Why is this important and where does it leave us?

Unlike the upstream poly, wafer, panel, and module producers (which have many players in each part of the value chain) there are relatively few ways to play the downstream space in the public markets. Many of the players are smaller or private companies with the exception of 2; SolarCity (SCTY) and Real Goods Solar (RSOL).

As many of you know SCTY has had a tremendous run along with other solar players. Some have focused on its largest investor (Elon Musk) while others have looked to the liquidity pools SCTY has obtained to drive adoption. Those with a longer vision can see a business model in SCTY where it can afford to be company/technology agnostic and source the cheapest, most highly efficient solutions for its customers and take out the individual technology risk the typical panel/module/poly producer has.

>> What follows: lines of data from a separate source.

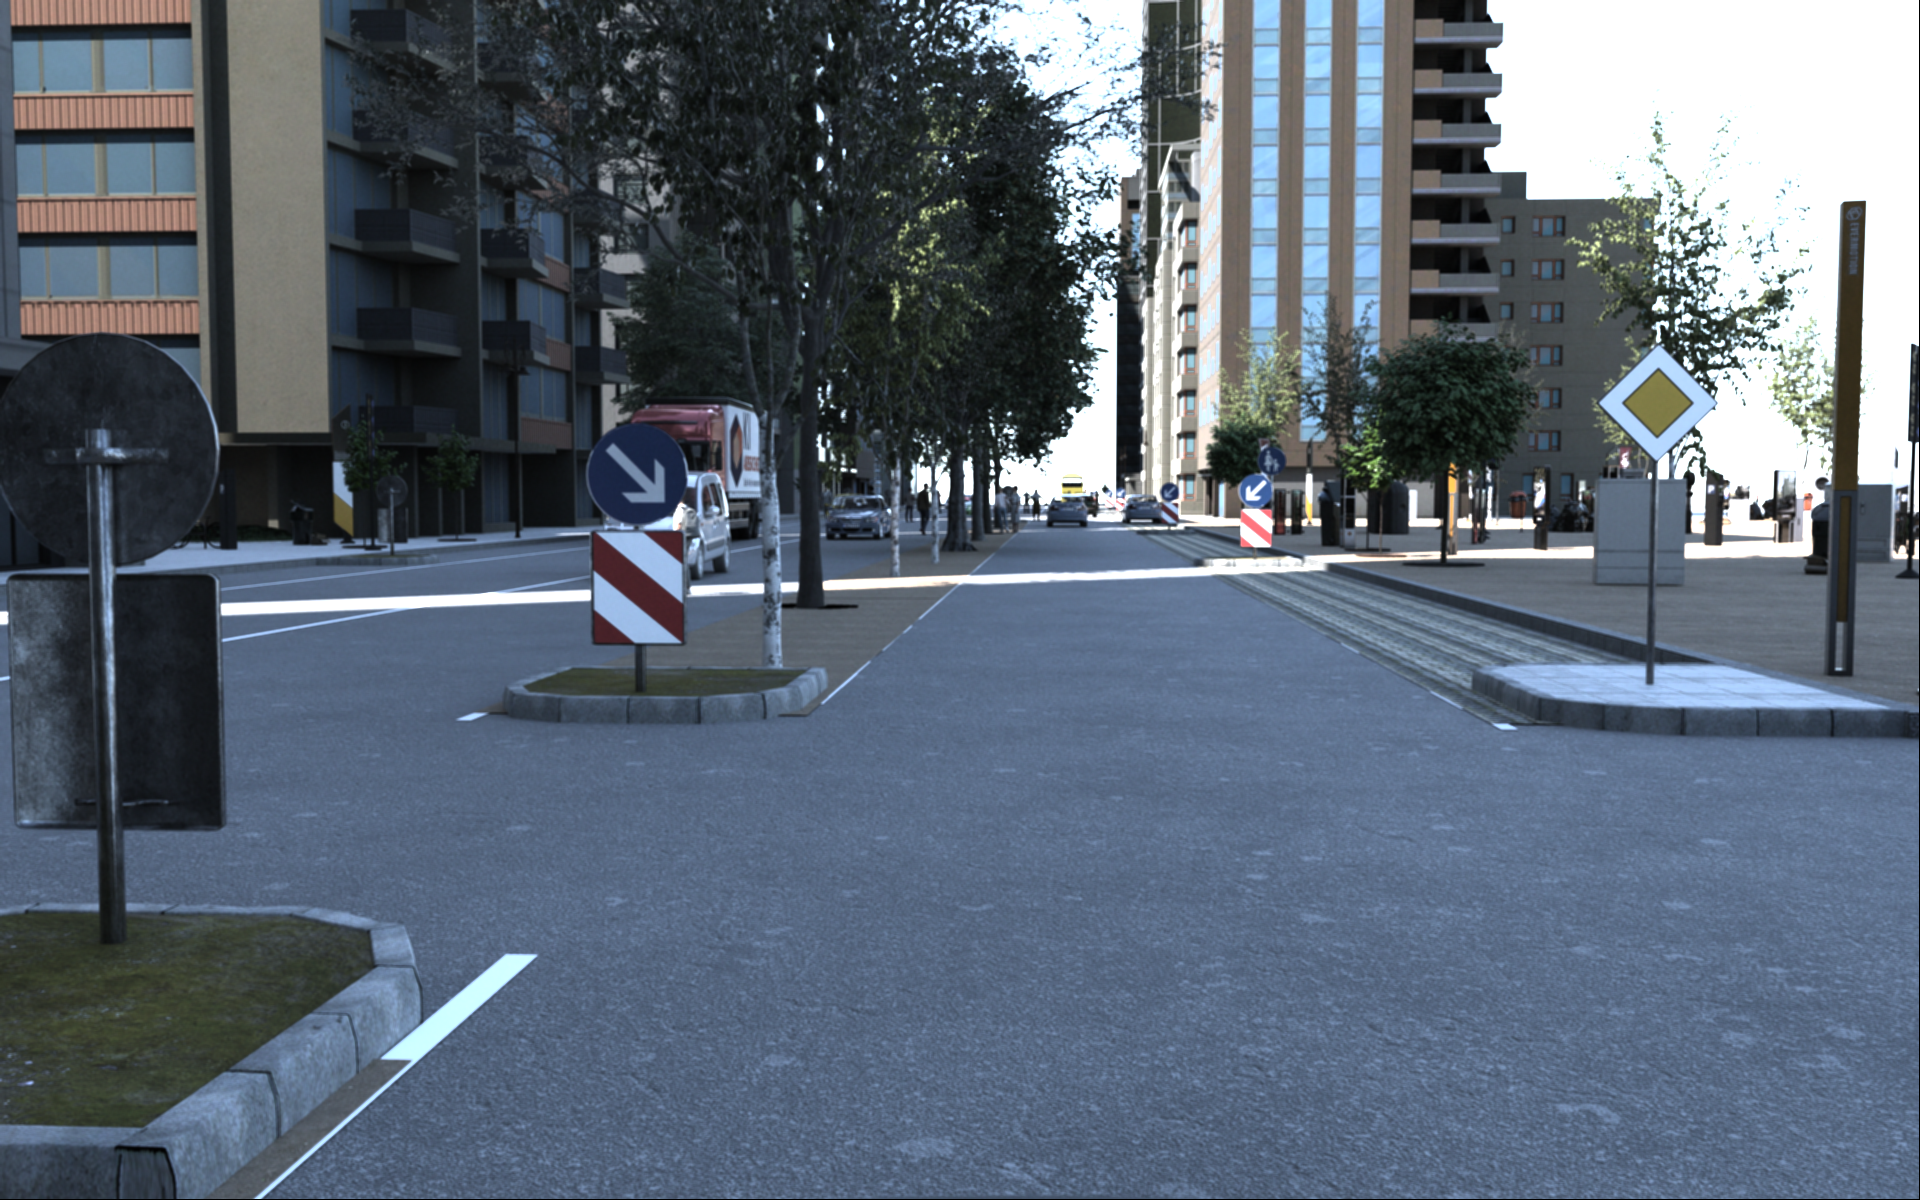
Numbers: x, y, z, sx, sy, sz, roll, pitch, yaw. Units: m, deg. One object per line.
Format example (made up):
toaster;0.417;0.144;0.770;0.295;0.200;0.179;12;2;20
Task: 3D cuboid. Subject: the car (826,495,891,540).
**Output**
car;-3.215;-2.690;55.988;2.014;1.417;4.499;0;4;5

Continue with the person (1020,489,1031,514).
person;4.914;-7.284;127.681;1.350;1.814;0.705;0;4;-2

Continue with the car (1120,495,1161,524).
car;8.835;-4.414;84.175;2.014;1.417;4.499;0;4;2

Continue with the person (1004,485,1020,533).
person;1.921;-3.288;62.833;0.524;1.755;0.480;-2;4;-34

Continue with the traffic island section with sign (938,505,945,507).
traffic island section with sign;-2.492;-11.364;194.428;1.989;1.847;2.006;0;4;3

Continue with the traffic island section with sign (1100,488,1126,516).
traffic island section with sign;10.227;-6.298;111.606;1.989;1.847;2.006;0;4;3

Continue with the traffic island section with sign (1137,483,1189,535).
traffic island section with sign;7.284;-3.229;61.419;1.989;1.847;2.006;0;4;3

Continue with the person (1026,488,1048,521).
person;4.102;-5.093;92.509;1.217;1.736;0.721;-1;4;-13

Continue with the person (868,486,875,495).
person;-4.591;-4.943;88.949;0.705;1.869;1.348;2;4;25

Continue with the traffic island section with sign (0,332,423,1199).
traffic island section with sign;-2.472;0.231;4.362;2.006;1.907;1.989;0;4;3

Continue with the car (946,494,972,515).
car;0.285;-5.580;103.036;2.131;1.459;4.920;0;4;4

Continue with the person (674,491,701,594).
person;-3.961;-0.826;24.593;0.523;1.515;0.503;-1;4;-16

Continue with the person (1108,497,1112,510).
person;12.622;-8.374;146.359;0.436;1.711;0.756;0;4;6

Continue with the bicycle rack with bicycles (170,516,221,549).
bicycle rack with bicycles;-18.862;-1.632;40.066;2.925;0.926;2.852;1;4;12

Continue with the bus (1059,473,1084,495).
bus;12.913;-12.739;199.833;2.896;3.916;12.252;0;4;3

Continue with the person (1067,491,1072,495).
person;9.825;-8.901;154.970;0.756;1.711;0.436;2;4;30

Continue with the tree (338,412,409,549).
tree;-14.216;-2.842;41.071;1.663;3.219;1.824;0;3;0

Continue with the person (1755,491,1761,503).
person;75.350;-9.435;163.470;0.721;1.736;1.217;3;5;43

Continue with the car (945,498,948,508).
car;-0.489;-9.892;174.098;2.083;1.381;4.827;0;4;4

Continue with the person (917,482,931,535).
person;-1.236;-3.208;60.869;0.656;1.842;0.836;1;4;13

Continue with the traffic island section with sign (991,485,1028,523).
traffic island section with sign;2.377;-4.809;86.766;2.006;1.907;1.989;0;4;3

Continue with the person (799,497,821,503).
person;-7.830;-5.054;91.148;1.348;1.822;0.705;-1;4;-15

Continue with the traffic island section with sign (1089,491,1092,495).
traffic island section with sign;15.039;-11.291;193.242;1.989;1.847;2.006;0;4;3

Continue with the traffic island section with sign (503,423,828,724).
traffic island section with sign;-2.027;-0.221;11.756;2.006;1.907;1.989;0;4;3

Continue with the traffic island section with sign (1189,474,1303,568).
traffic island section with sign;5.692;-1.580;34.466;1.989;1.847;2.006;0;4;3

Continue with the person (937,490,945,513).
person;-1.554;-7.393;130.100;1.217;1.743;0.721;-2;4;-25

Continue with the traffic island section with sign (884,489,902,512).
traffic island section with sign;-5.738;-8.008;139.553;1.989;1.847;2.006;0;4;3

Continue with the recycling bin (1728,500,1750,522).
recycling bin;35.498;-4.062;78.963;0.722;1.027;0.722;0;4;-1

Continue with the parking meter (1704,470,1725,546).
parking meter;18.622;-2.265;42.748;0.255;1.863;0.399;-2;4;-30

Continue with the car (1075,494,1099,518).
car;7.599;-5.947;107.025;2.009;1.686;4.222;0;4;4

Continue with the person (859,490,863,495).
person;-7.043;-6.902;122.062;1.217;1.735;0.721;0;4;-2

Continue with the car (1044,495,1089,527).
car;4.719;-3.951;76.596;2.014;1.417;4.499;0;4;2

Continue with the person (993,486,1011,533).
person;1.644;-3.356;64.035;0.731;1.740;0.598;-1;4;-20

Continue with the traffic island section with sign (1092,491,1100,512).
traffic island section with sign;11.812;-7.944;138.514;1.989;1.847;2.006;0;4;3

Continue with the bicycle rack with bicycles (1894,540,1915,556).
bicycle rack with bicycles;19.768;-1.456;37.183;2.852;0.926;2.925;3;4;36

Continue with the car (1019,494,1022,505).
car;7.461;-13.859;235.640;2.155;1.783;4.494;0;4;2

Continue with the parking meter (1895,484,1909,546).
parking meter;23.327;-2.116;43.007;0.372;1.533;0.369;0;3;0

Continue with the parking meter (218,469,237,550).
parking meter;-16.936;-2.101;40.055;0.399;1.863;0.255;3;5;42

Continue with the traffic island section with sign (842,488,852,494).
traffic island section with sign;-7.312;-6.358;112.584;1.989;1.847;2.006;0;4;3

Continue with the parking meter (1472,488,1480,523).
parking meter;22.812;-4.163;76.478;0.372;1.533;0.369;0;3;0

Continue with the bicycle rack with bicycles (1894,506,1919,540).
bicycle rack with bicycles;29.228;-2.373;52.183;2.852;0.926;2.925;1;4;8

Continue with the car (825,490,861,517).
car;-4.920;-4.056;76.542;2.015;1.641;3.980;0;4;2

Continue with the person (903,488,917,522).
person;-2.478;-4.878;88.780;0.617;1.759;0.750;3;4;37

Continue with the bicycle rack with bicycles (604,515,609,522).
bicycle rack with bicycles;-15.333;-4.045;79.512;2.852;0.926;2.925;1;4;18

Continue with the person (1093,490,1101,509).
person;12.846;-9.428;162.655;1.348;1.823;0.705;-3;5;-41

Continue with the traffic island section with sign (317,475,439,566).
traffic island section with sign;-11.841;-1.647;35.551;1.989;1.847;2.006;0;4;3

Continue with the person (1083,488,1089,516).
person;8.396;-6.532;115.308;0.705;1.822;1.348;2;4;34

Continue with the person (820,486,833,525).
person;-6.116;-4.342;79.606;0.709;1.813;0.853;1;4;15
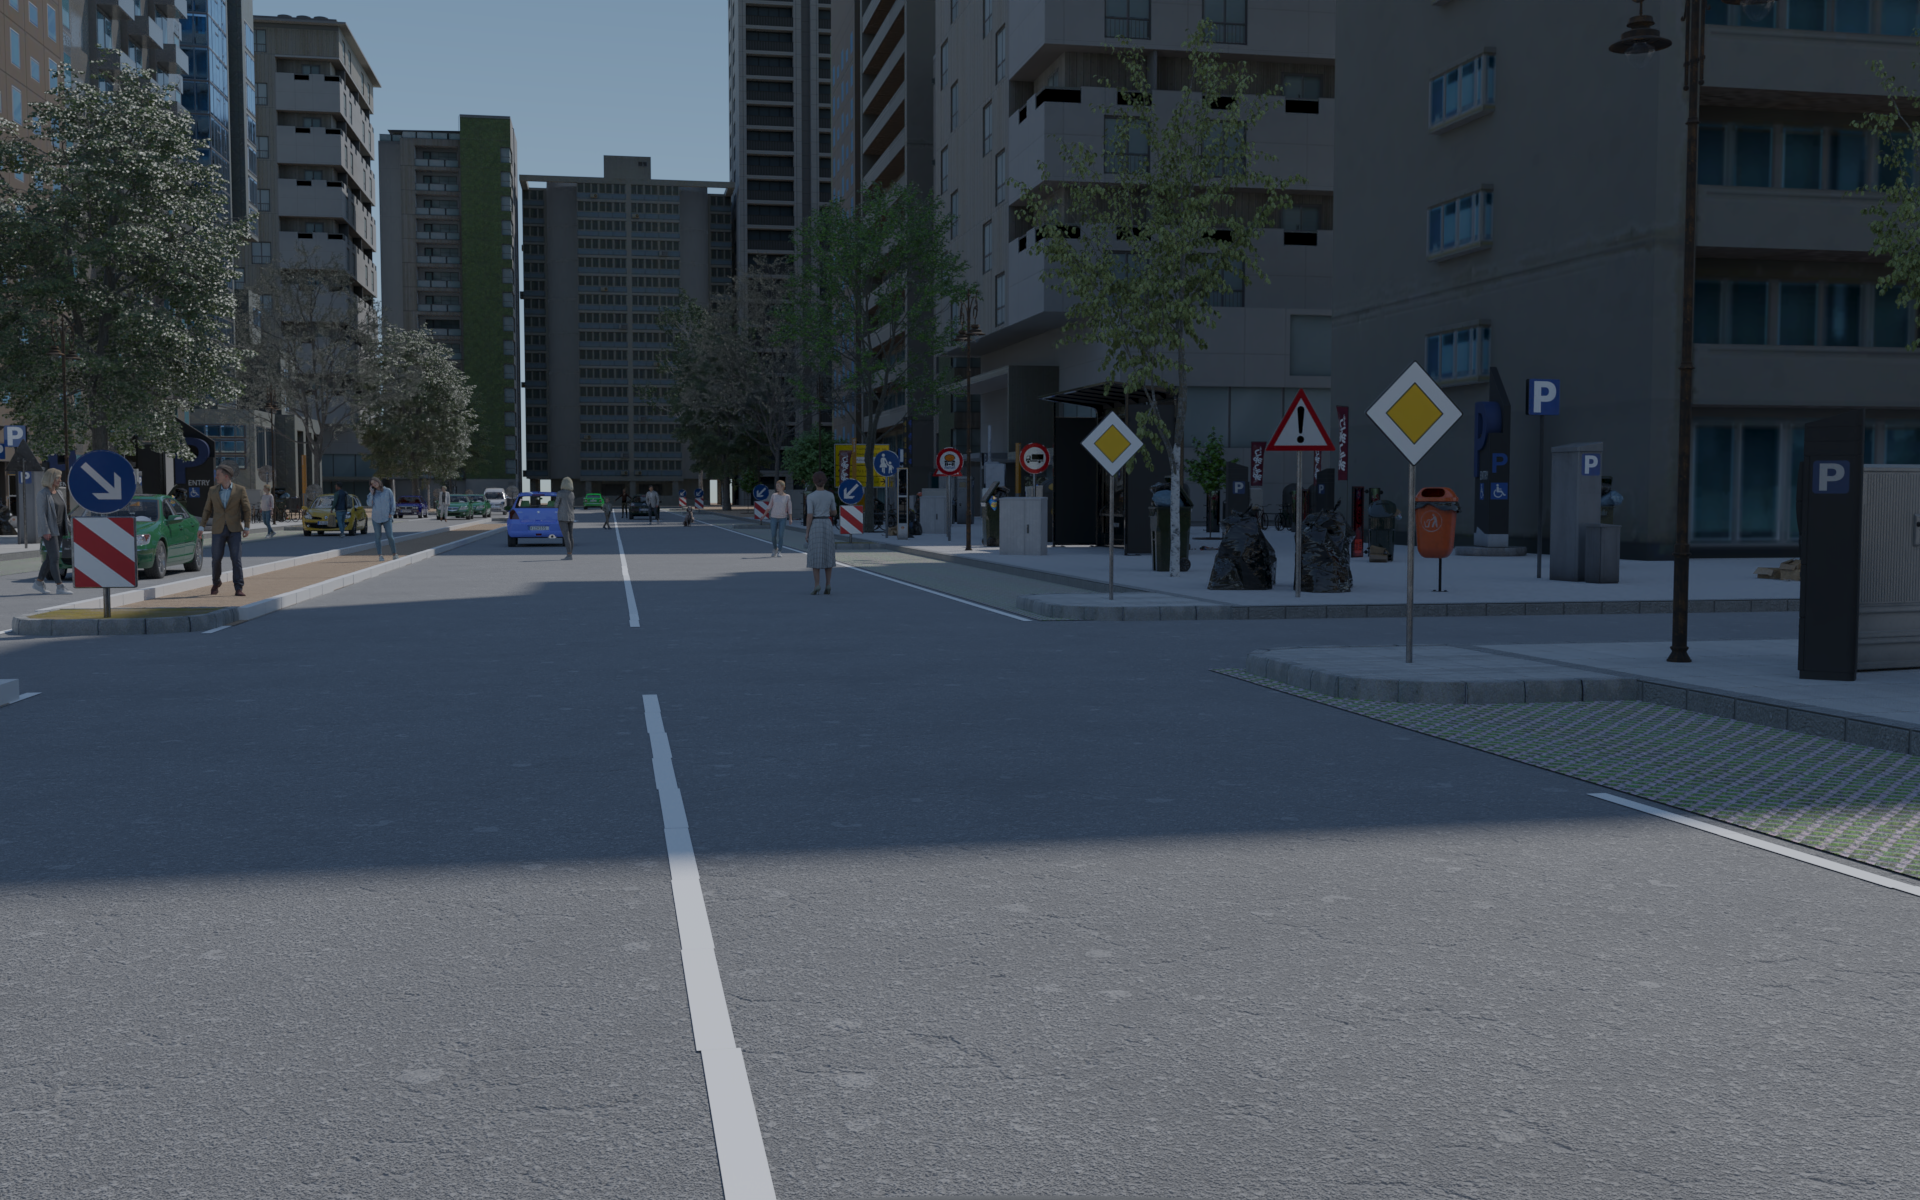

In the case of RSOL, the company was basically left for dead. A combination of a bad acquisition, the challenges to the industry, and poor execution by the previous management team left the company, much like the banks post the housing collapse, in a zombie like position. Fortunately, the company was given a second wind with the reflation of the solar space and in particular their downstream competitor SCTY. People took note of the similar $100 million sales number for 2012 for RSOL (105 for '13 and 144 for '14 street consensus) and the $128 million for SCTY (160 for '13 and 257 for '14 street consensus) and thought to themselves something has to give. Further, RSOL is set to turn profitable this quarter or next while SCTY is not set to do so as far as the eye can see. Either RSOL or SCTY had to be radically mispriced one a $70 million market capitalization and the other a $4.2 billion market capitalization, or a combination of the two. After all, they do the same things don't they? Well they did until SCTY went out and started getting a bit more creative with how it was going to grow its business. By attracting the likes of Goldman Sachs to offer them liquidity pools to overcome the upfront problem of a large cash outlay, SCTY was able to go out and drive adoption and make money in doing so. By offering lease like financing where customers could avoid large capex expenditures SCTY was able to profit on the entire value chain (from the selling of the panels, to the installation, to the financing access/enablement).

Where does this leave us?

RSOL has done some heavy lifting and has cleaned up its balance sheet wiping out all of its debt, eliminating the concentration of its previous largest shareholder Gaiam, and after the Mercury acquisition will have roughly $20 million in cash with a business that is on the cusp of returning to profitability in a space, which is exploding. From conversations with investor relations and management I have concluded that the SCTY business model approach and the resulting valuation differential the market has assigned to the two companies has not been lost on them. Given the success of the SCTY approach and the only barrier to entry for a company with the scale and cost structure of RSOL being that of obtaining the right capital partner, I believe it is a matter of when not if RSOL transitions into the SCTY approach. When they do, I expect fireworks.

A 10-fold increase in the share price of RSOL would still yield a sub $1 billion market capitalization or less than 25% of the value of SCTY. At $2-3$ per share RSOL is a combination of perhaps one of the greatest opportunities to unlock value and strategic dislocations I have seen in my career. Understandably, the company had to "right the ship" prior to making this move but now that the heavy lifting is nearly complete I would encourage those with the capacity to take risk to do your own due diligence here as the transition to the SCTY approach could yield an epic ride.